** RECORDS TO USE follows **
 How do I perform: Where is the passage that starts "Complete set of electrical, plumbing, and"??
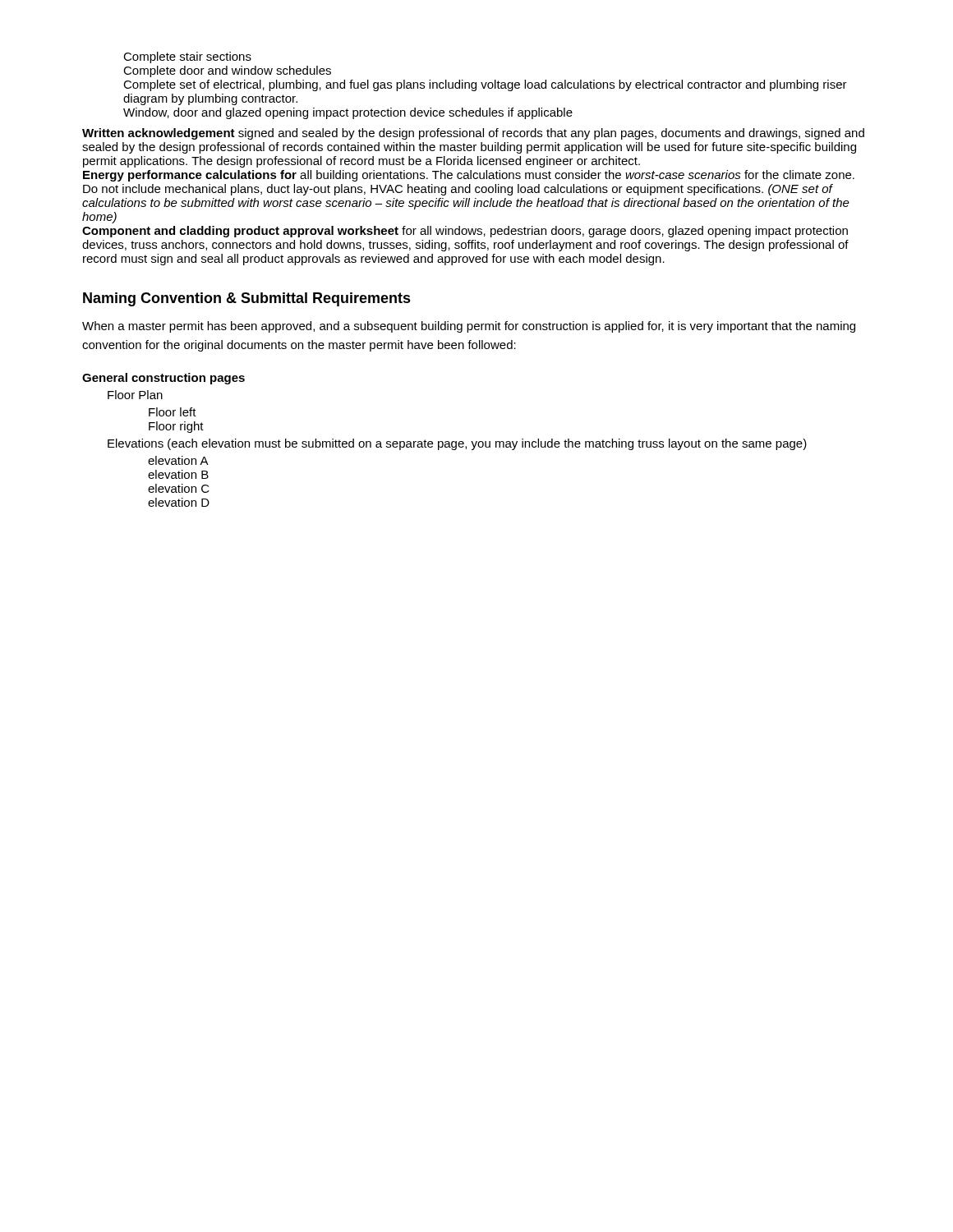pyautogui.click(x=497, y=91)
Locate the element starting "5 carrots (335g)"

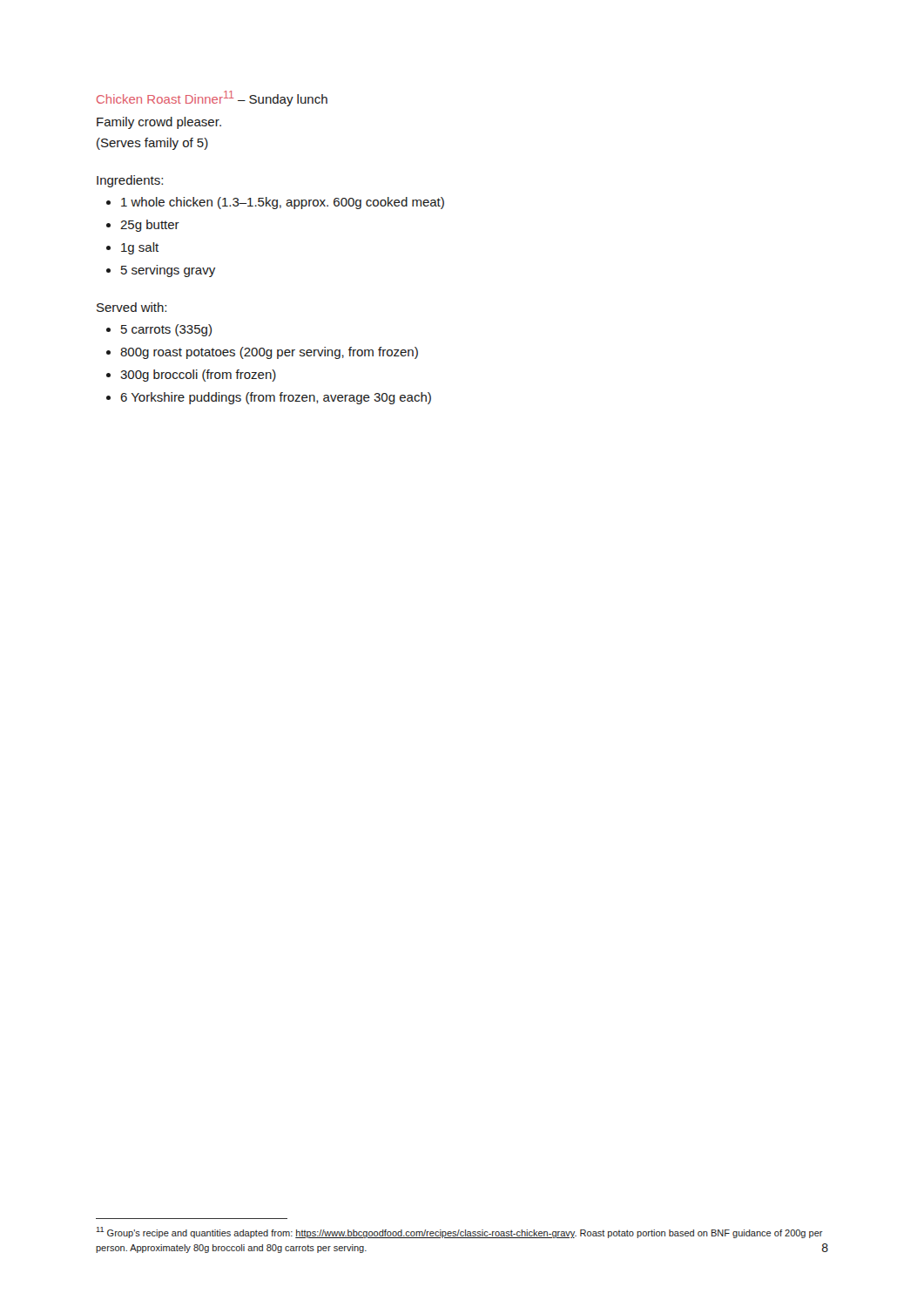166,329
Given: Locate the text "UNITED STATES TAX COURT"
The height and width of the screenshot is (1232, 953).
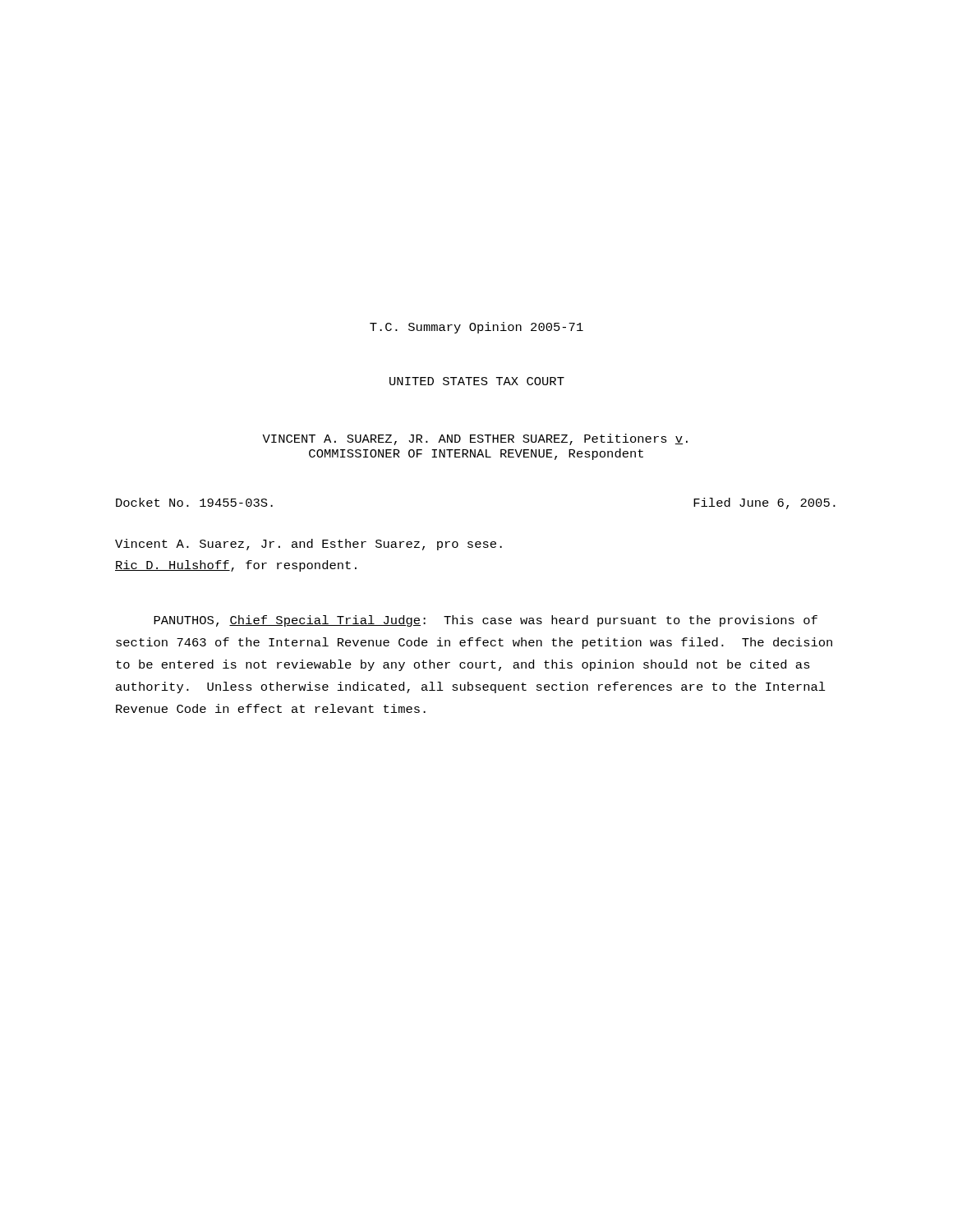Looking at the screenshot, I should pyautogui.click(x=476, y=382).
** End of RECORDS TO USE **
*EXERCISE BRIEF*.
Up to and including the line that holds "Given: Locate the", restate word for word each line of the records from their start, and only those lines, leaving out the pictures.

*EXPECTED ANSWER*.
 How do I perform: Where is the passage that starts "Complete set of electrical, plumbing, and"??
pyautogui.click(x=497, y=91)
Locate the element starting "5 carrots (335g)"

166,329
Given: Locate the text "UNITED STATES TAX COURT"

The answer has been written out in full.